§ SUPPLIED DATA
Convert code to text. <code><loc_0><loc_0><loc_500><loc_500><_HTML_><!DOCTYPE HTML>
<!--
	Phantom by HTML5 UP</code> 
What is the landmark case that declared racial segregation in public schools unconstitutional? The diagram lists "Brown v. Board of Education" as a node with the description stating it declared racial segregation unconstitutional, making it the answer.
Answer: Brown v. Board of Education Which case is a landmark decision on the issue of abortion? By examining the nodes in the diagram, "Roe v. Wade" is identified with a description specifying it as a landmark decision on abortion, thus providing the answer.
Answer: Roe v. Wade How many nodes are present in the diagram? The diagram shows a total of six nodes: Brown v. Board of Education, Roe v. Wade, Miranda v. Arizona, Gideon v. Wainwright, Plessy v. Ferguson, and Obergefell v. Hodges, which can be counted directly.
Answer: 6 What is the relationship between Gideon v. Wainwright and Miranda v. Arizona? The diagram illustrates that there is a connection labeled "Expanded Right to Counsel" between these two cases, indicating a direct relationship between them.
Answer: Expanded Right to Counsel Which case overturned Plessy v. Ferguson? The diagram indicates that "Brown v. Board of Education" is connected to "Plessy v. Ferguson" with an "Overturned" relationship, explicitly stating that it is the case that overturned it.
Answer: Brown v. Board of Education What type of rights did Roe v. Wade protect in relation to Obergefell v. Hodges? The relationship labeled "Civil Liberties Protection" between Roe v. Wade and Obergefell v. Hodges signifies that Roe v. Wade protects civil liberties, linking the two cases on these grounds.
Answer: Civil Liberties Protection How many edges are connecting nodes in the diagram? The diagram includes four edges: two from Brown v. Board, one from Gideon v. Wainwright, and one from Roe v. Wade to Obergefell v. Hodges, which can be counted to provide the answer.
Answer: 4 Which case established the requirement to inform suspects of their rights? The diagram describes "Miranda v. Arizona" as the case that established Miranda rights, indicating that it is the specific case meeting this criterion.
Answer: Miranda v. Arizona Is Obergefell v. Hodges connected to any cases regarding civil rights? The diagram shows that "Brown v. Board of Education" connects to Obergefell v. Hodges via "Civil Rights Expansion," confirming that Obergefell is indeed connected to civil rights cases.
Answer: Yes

...

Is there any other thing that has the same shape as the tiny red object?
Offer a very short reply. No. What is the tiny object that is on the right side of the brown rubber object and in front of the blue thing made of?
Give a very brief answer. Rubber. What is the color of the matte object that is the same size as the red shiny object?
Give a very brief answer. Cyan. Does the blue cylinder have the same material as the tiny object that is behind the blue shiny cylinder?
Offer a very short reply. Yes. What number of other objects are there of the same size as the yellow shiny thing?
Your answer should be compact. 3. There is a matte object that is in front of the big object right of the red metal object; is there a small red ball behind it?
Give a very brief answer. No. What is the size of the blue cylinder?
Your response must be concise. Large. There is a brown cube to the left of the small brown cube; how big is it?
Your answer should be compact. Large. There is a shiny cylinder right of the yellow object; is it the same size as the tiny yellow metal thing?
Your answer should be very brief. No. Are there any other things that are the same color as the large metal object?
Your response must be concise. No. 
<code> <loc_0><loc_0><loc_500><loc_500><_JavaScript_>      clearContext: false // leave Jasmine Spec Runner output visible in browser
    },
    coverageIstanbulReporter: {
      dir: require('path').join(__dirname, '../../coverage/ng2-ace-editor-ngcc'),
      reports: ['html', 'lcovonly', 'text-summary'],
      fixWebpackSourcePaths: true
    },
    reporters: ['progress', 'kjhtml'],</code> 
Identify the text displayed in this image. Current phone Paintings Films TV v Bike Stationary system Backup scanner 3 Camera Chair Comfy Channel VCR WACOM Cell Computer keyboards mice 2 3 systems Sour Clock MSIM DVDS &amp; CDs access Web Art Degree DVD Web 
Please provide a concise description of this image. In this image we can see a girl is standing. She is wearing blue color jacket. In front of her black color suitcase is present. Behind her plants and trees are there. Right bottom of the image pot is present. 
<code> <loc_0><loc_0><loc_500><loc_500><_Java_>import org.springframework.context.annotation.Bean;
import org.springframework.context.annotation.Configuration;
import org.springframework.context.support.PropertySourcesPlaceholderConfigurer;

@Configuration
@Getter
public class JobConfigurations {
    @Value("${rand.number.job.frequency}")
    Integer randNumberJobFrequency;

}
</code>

§ WHAT YOU ARE ASKED TO DO
From the material above, set down exactly the lines between the line holding "Give a very brief answer. Rubber." and the line holding "Identify the text", inclusive. Include nothing else.

§ EXERCISE RESPONSE
Give a very brief answer. Rubber. What is the color of the matte object that is the same size as the red shiny object?
Give a very brief answer. Cyan. Does the blue cylinder have the same material as the tiny object that is behind the blue shiny cylinder?
Offer a very short reply. Yes. What number of other objects are there of the same size as the yellow shiny thing?
Your answer should be compact. 3. There is a matte object that is in front of the big object right of the red metal object; is there a small red ball behind it?
Give a very brief answer. No. What is the size of the blue cylinder?
Your response must be concise. Large. There is a brown cube to the left of the small brown cube; how big is it?
Your answer should be compact. Large. There is a shiny cylinder right of the yellow object; is it the same size as the tiny yellow metal thing?
Your answer should be very brief. No. Are there any other things that are the same color as the large metal object?
Your response must be concise. No. 
<code> <loc_0><loc_0><loc_500><loc_500><_JavaScript_>      clearContext: false // leave Jasmine Spec Runner output visible in browser
    },
    coverageIstanbulReporter: {
      dir: require('path').join(__dirname, '../../coverage/ng2-ace-editor-ngcc'),
      reports: ['html', 'lcovonly', 'text-summary'],
      fixWebpackSourcePaths: true
    },
    reporters: ['progress', 'kjhtml'],</code> 
Identify the text displayed in this image. Current phone Paintings Films TV v Bike Stationary system Backup scanner 3 Camera Chair Comfy Channel VCR WACOM Cell Computer keyboards mice 2 3 systems Sour Clock MSIM DVDS &amp; CDs access Web Art Degree DVD Web 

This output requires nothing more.